Depois foi a vez da primeira boa surpresa da noite. A pernambucana Cabala, com apenas dois meses de vida, faz um Death Metal extremamente bm executado e criativo. A banda é formada por alguns ex-integrantes da Revolta Civil, o que explica o capricho nas composições, que nunca se prendem ao formato padrão do gênero, passeando também pelo hardcore, nu metal e até um quê de punk. Começou no show deles uma roda-de-pogo que só se encerraria no show do Mukeka. Gratificante constatar que existe uma renovação no metal de Pernambuco, que parecia meio capenga nos últimos tempos. A Cabala, que conta em sua formação com Edson (vocal), Julinho (guitarra), Leo (guitarra), Bruno (baixo) e Raoni (bateria) é uma banda que tem tudo para vingar. Ah, em tempo, suas letras são em português, e o grupo até se deu ao luxo de musicar “Homo Infimus”, poema de Augusto dos Anjos. Para acabar de vez com o estigma de que metaleiro é burro.

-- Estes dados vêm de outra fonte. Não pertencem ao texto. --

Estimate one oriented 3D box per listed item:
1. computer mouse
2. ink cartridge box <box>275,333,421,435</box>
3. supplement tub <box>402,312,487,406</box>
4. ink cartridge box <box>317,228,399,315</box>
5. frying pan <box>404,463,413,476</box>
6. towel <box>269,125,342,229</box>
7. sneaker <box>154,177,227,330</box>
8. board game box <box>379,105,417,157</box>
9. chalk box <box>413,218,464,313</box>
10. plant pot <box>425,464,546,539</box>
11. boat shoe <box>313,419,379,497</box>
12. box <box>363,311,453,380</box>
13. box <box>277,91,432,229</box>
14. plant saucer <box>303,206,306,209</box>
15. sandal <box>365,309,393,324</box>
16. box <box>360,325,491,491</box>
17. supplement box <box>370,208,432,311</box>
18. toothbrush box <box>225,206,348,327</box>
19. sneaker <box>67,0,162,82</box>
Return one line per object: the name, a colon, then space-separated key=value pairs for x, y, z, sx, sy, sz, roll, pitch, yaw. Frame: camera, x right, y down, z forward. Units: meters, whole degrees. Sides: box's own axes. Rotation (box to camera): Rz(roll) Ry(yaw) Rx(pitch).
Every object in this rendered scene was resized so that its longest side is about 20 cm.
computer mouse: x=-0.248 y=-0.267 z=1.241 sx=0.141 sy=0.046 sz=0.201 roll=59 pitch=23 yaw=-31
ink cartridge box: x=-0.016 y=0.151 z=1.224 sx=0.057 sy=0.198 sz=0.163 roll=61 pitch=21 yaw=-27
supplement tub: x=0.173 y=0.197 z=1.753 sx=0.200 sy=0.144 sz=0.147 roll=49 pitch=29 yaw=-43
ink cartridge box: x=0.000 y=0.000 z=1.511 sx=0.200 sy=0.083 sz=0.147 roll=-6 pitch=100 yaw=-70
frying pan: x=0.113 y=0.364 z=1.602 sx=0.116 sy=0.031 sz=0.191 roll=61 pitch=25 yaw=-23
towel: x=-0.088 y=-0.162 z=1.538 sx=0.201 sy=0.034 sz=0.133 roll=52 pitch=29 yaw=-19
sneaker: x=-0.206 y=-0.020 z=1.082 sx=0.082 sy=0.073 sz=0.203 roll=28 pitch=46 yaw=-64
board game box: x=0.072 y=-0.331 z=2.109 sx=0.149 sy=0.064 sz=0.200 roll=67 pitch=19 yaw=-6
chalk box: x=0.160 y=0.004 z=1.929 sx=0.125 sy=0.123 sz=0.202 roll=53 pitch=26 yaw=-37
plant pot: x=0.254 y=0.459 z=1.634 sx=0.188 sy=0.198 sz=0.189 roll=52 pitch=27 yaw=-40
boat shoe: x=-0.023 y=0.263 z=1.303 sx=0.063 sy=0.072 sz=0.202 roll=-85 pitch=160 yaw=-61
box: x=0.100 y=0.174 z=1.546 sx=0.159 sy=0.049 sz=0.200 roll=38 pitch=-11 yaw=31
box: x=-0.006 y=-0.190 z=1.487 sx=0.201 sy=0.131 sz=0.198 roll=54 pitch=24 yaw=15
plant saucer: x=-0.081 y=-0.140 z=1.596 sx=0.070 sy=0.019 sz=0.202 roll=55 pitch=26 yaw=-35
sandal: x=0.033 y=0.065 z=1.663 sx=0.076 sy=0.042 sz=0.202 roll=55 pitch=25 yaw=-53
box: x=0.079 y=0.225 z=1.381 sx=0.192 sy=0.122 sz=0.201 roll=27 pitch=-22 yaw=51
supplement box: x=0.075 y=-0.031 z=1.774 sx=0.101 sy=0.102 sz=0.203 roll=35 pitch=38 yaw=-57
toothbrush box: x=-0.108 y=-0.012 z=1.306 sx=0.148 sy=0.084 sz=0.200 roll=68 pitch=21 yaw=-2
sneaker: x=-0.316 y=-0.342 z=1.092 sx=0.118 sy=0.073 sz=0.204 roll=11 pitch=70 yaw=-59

A também local Carpo acabou se mostrando bem verdinha ainda. Fora o fato de possuir uma vocalista que parece não ter nascido para cantar hardcore. Tanto que provocou mais risos no público do que qualquer outra coisa. A banda é esforçada e tem um bom baterista, mas o vocal, que lembra o de uma criança de cinco anos se esgoelando no supermercado porque não vai ganhar sorvete, causa não só estranheza, mas uma espécie de constrangimento. Sem contar o contraste causado pelo fato de se de se apresentar logo após uma banda que se utiliza, na maior parte do tempo, de um monstruoso vocal gutural. Poucos – falar a verdade, quase ninguém – conseguiram levar a Carpo a sério.

E aí veio o melhor show da noite e talvez um dos melhores do ano: Vivisick. Uma das rodas-de-pogo mais furiosas que já testemunhei adornou uma apresentação perfeita que combina na dose certa presença de palco e força musical. A banda é de uma histeria ímpar, e seu som transita entre o grind, o crossover, o pop (alguns refrões são bem pegajosos), tudo tocado em velocidade máxima, com um vocalista (muito bom) que capricha no vocal gritado/agudo e um baixista que faz a parte grave. Trata-se de uma avalanche sonora que contagiou, um a um, todos os presentes no Armazém 14. Sem exagero, um show antológico. E tudo cantado (berrado, na verdade) em japonês, idioma que usaram também para se comunicar com o público, como se todo mundo ali fosse fluente em tal língua. Das apresentações mais furiosas que já vi na vida. Se tiver outra oportunidade de vê-los, não perca.

O Fuck On The Beach é menos interessante que o Vivisick. É um trio igualmente barulhento, mas que segue mais a cartilha do thrash metal. Seu show prendeu a atenção da plateia, mas dispersou a roda-de-pogo, já que suas composições são mais propícias para bater cabeça do que para abrir rodas. Novamente, toda a comunicação foi feita em japonês. O mais engraçado de tudo é o paradoxo: um bando de japa com cara de boboca pelos quais você não apostaria um centavo, mas que se transformam quando sobem no palco. É estranho só de olhar. Ver e ouvir então passam a ser uma experiência, para dizer o mínimo, surreal. Bom show, mas que pegou um público já morto da apresentação do Vivisick.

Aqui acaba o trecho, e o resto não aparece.